◆ EXCERPTED RECORDS:
§
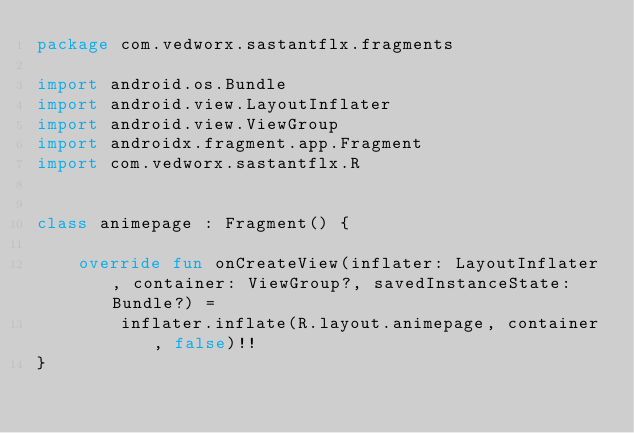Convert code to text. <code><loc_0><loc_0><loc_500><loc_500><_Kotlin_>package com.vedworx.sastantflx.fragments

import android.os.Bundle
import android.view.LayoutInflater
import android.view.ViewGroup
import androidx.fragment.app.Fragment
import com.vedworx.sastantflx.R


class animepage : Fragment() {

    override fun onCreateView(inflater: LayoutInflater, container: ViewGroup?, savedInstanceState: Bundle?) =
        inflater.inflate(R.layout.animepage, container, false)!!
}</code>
§
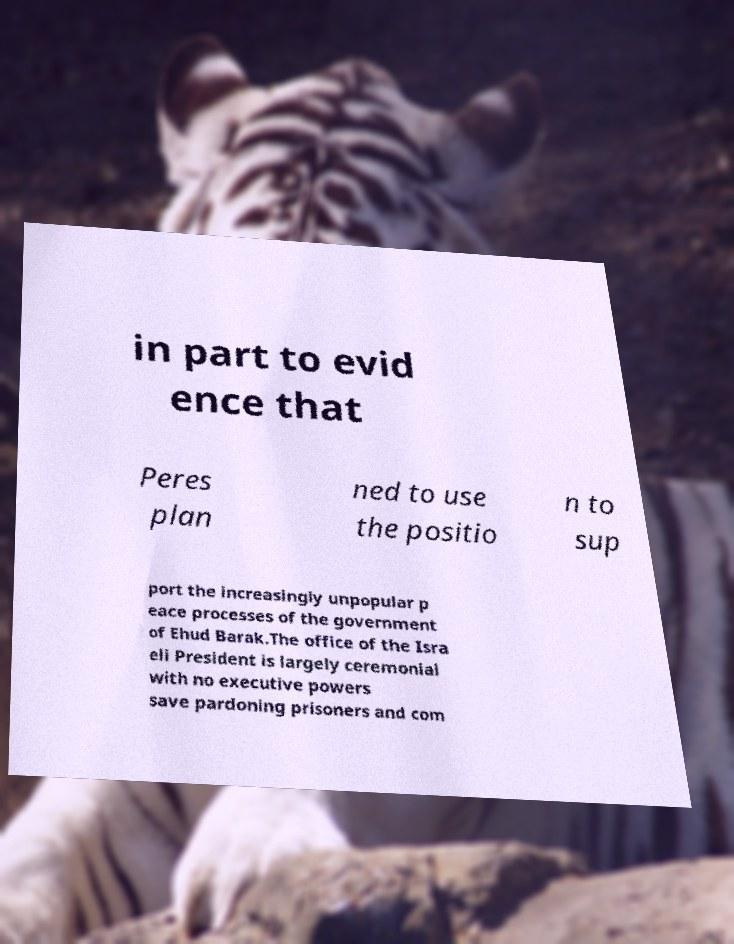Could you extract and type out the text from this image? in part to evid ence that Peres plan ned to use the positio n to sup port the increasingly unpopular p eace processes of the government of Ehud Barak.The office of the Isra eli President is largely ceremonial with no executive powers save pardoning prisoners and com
§
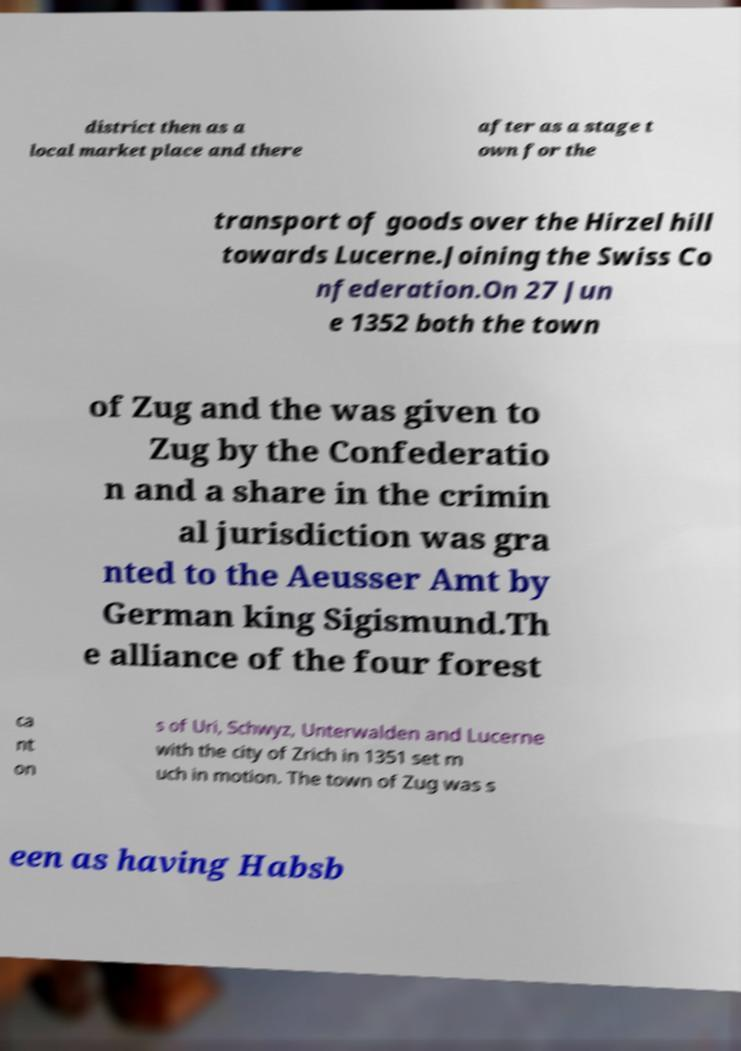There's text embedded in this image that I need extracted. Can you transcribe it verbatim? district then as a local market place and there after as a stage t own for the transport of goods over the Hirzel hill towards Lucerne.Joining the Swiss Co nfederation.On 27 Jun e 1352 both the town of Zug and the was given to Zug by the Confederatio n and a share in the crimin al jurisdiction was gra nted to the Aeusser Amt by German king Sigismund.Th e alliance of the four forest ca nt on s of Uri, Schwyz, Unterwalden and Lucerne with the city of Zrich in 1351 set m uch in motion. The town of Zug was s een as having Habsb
§
◆ THE PROBLEM:
Report every line of the material above in which "Bundle" appears.

◆ SOLUTION FOR THIS EXERCISE:
import android.os.Bundle
    override fun onCreateView(inflater: LayoutInflater, container: ViewGroup?, savedInstanceState: Bundle?) =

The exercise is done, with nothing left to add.